Zesde vormersin het bijzonder, sprak van hun gevoel op school ‘met de paplepel ingegoten’ te zijn geweest en hun opwinding over het vooruitzicht van hogere studies, waar ze verder konden gaan dan ‘het cijferschema’ en ideeën dieper konden onderzoeken. Toch bleven sommige studenten dat voelen hun universitaire werk was een verlengstuk van ‘lepeltjes voeren’, terwijl sommige academici hun eigen frustraties met studenten uitten’ onwil om te nemen intellectuele risico’s, omdat ze probeerden alle vakjes aan te vinken om het beste cijfer te behalen. Hier identificeerden we het fenomeen van de ‘scholing’ van de universiteit, waar de relatie tussen wetenschapper en student steeds meer gekaderd raakt als verlengstuk van de relatie tussen leraar en leerling in het leerplichtonderwijs.

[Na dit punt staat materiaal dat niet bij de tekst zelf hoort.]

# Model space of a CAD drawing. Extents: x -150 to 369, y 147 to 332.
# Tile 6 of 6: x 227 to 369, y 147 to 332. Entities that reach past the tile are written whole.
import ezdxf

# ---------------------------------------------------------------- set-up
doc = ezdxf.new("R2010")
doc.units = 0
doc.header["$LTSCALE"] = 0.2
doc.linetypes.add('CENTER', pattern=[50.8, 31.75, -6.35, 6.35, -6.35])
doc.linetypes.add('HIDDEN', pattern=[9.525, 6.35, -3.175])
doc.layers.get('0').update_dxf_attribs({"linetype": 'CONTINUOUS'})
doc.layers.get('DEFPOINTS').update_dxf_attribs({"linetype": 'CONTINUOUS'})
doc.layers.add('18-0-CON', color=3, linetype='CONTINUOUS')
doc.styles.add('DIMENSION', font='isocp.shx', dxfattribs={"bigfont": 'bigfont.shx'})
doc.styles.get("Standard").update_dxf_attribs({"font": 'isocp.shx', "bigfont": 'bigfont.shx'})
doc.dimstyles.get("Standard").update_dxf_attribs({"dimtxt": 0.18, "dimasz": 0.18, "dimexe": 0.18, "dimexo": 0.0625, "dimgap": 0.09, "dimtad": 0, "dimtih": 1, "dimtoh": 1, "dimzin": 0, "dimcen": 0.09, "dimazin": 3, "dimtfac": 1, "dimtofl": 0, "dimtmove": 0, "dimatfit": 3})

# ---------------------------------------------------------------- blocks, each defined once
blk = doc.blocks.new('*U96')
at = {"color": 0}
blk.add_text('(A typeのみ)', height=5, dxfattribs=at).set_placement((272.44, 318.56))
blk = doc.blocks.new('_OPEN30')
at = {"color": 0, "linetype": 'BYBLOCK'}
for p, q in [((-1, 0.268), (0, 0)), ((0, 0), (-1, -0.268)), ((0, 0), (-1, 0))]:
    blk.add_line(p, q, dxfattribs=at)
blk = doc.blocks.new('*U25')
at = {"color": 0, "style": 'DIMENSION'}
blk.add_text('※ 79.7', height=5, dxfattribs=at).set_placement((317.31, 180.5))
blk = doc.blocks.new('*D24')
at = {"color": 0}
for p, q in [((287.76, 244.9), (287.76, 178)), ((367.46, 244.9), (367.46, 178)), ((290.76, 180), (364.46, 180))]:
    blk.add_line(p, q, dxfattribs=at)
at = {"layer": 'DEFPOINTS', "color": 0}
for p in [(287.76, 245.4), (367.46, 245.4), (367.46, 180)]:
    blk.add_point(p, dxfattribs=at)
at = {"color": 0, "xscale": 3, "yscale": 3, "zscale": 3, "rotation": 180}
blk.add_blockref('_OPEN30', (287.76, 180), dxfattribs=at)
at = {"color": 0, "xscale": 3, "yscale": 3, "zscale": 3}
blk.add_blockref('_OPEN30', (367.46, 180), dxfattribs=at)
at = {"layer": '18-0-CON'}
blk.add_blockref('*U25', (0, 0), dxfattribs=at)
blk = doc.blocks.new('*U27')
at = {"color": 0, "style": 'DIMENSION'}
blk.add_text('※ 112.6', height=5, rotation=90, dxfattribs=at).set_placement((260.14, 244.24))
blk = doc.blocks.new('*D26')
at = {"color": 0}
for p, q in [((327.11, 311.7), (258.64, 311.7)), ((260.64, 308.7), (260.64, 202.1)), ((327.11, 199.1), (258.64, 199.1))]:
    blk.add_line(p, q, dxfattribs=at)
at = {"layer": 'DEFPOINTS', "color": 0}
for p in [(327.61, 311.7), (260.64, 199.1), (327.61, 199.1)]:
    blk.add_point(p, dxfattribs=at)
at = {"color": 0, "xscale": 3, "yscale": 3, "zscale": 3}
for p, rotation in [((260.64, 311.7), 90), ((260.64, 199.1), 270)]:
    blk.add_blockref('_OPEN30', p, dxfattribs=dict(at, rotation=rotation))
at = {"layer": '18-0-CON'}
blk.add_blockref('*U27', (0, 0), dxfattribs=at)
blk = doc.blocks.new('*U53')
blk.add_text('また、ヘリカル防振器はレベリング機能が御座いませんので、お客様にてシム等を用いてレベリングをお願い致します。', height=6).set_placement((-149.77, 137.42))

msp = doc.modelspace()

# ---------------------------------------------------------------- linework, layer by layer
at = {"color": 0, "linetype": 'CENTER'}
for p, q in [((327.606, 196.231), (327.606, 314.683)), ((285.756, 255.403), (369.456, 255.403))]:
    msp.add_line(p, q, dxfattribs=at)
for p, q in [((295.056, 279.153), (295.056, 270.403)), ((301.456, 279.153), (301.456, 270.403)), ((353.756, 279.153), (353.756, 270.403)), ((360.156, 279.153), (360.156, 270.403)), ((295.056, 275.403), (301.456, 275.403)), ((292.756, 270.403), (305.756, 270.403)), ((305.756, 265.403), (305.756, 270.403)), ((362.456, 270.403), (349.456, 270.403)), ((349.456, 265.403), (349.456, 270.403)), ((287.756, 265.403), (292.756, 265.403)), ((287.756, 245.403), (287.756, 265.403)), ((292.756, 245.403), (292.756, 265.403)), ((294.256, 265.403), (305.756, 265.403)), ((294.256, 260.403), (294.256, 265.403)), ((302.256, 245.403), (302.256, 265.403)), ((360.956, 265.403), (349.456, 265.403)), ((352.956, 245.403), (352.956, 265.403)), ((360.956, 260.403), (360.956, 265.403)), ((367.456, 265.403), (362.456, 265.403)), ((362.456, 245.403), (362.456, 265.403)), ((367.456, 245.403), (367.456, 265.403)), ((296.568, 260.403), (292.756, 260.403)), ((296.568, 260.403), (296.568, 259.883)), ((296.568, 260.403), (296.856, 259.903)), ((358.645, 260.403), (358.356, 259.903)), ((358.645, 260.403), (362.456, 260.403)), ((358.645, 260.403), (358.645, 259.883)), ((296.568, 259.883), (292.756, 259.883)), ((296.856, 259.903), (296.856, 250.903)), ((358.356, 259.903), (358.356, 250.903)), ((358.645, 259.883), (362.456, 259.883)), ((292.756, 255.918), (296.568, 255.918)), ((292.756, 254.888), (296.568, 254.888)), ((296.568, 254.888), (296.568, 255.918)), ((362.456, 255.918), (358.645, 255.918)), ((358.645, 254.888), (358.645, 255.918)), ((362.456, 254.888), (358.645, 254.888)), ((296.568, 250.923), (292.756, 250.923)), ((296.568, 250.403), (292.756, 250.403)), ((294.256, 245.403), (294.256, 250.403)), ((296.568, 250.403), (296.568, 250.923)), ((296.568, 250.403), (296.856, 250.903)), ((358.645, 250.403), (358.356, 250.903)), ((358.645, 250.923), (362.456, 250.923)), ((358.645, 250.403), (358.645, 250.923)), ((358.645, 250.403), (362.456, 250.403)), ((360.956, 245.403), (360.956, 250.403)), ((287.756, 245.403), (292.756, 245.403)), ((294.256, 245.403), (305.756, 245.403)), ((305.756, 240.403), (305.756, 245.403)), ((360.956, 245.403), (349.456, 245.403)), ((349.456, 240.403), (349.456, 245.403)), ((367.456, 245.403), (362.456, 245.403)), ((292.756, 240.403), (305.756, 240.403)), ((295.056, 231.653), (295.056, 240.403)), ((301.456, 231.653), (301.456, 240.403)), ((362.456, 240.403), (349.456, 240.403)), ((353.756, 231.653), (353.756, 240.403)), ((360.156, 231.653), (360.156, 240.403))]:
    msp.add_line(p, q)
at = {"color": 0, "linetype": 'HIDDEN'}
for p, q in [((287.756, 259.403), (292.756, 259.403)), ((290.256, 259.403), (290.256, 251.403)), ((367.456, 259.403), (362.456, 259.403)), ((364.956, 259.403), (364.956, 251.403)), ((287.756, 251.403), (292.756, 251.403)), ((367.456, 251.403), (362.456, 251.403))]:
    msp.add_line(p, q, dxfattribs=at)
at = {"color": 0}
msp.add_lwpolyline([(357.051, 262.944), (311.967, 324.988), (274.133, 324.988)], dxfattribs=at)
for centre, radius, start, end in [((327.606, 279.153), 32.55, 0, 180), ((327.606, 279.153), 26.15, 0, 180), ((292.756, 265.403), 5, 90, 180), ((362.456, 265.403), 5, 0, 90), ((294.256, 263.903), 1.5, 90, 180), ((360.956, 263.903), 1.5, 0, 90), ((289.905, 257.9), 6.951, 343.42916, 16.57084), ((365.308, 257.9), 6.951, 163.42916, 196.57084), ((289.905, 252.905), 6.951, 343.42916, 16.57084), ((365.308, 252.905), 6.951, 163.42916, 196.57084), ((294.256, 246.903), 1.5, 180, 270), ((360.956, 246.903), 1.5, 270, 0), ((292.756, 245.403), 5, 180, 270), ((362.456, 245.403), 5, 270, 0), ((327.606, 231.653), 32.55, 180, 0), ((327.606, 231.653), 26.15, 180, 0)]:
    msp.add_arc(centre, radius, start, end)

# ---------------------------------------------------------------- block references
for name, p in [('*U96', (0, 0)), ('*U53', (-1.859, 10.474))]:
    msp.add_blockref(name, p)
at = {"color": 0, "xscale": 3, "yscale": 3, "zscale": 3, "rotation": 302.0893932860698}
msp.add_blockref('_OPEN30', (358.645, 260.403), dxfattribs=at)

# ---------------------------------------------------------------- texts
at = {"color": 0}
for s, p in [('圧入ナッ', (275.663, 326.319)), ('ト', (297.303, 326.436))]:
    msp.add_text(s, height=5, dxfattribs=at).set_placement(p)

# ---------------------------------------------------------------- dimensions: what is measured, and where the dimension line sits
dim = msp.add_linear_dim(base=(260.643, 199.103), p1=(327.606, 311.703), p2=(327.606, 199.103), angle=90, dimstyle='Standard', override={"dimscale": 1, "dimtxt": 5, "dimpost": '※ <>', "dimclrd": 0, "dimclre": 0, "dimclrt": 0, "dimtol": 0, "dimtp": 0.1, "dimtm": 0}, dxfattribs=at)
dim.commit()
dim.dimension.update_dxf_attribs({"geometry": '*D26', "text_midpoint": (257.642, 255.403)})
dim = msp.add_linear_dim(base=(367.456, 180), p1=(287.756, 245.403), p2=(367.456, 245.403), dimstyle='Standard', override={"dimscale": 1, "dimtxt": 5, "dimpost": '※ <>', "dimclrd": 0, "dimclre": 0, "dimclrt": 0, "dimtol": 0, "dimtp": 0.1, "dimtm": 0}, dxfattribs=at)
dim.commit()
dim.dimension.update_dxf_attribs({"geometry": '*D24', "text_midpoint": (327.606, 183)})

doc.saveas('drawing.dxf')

Academici en studenten bedenkingen over de aard van de huidige ‘universitaire ervaring’ waren niet per se gericht op technologie, maar op het bredere spanningen opgeroepen door een massale, vermarkten geconsumeerd Systeem voor hoger onderwijs. Sstudenten voelen een grote druk om te ‘slagen’, maar weten niet hoe succes eruitziet, akant van een hoge graad. Paradoxaal genoeg kan dit worden verergerd door de wildgroei aan gemakkelijk toegankelijke bronnen die zijn ontworpen om te ondersteunen het leren van studenten. Waar studenten vinden dat hun werk gebaseerd moet zijn op het verwerken van de middelen die ze krijgen, dit ontmoedigt zelfstudie; en wanneer ze dat voelen deelnemen aan fysieke lezingen of seminars is onnodig omdat het toch allemaal online beschikbaar is, de studie-ervaring wordt verder geatomiseerd.
EENacademiciin de tussentijd, voelen zich vaak gedwarsboomd in hun pogingen om een diepe en leerzame relatie op te bouwen met een steeds meer geïndividualiseerd studentenlichaam. Als technologie op de juiste manier wordt gebruikt, heeft het de potentie om enkele van deze grotere problemen te verminderen – en dit werd erkend door zowel academici als studenten. Het probleemontstaat wanneer leerzaam technologie wordt niet gebruikt om de relatie tussen student en student te ondersteunen, maar om deze te vervangen. De grote uitdaging, op dit moment, is om na te denken over hoe we zou die relatie kunnen opbouwen ondanks de beperkingen op fysieke interactie en houd het centraal in het project van de academieliever dan ervan uitgaande dat alle leerlingen van ons nodig hebben meer opgenomen lezinges.
Generationele ontmoetingen met het hoger onderwijs door Jennie Bristow, Sara Kan en Anwesa Chatterjee is beschikbaar op de Bristol University Press-website. Bestellen hier voor £ 60,00 of download de EPUB voor £ 21,59.
Lees meer over impact, invloed en betrokkenheid bij Bristol University Press hier.
Bristol University Press-nieuwsbriefabonnees ontvangen 35% korting – meld u aan hier. Houd er rekening mee dat er slechts één kortingscode tegelijk kan worden gebruikt.
De standpunten en meningen die op deze blogsite worden geuit, zijn uitsluitend die van de oorspronkelijke auteurs van de blogpost en andere bijdragers. Deze standpunten en meningen vertegenwoordigen niet noodzakelijkerwijs die van de Policy Press en/of enige/alle bijdragers aan deze site.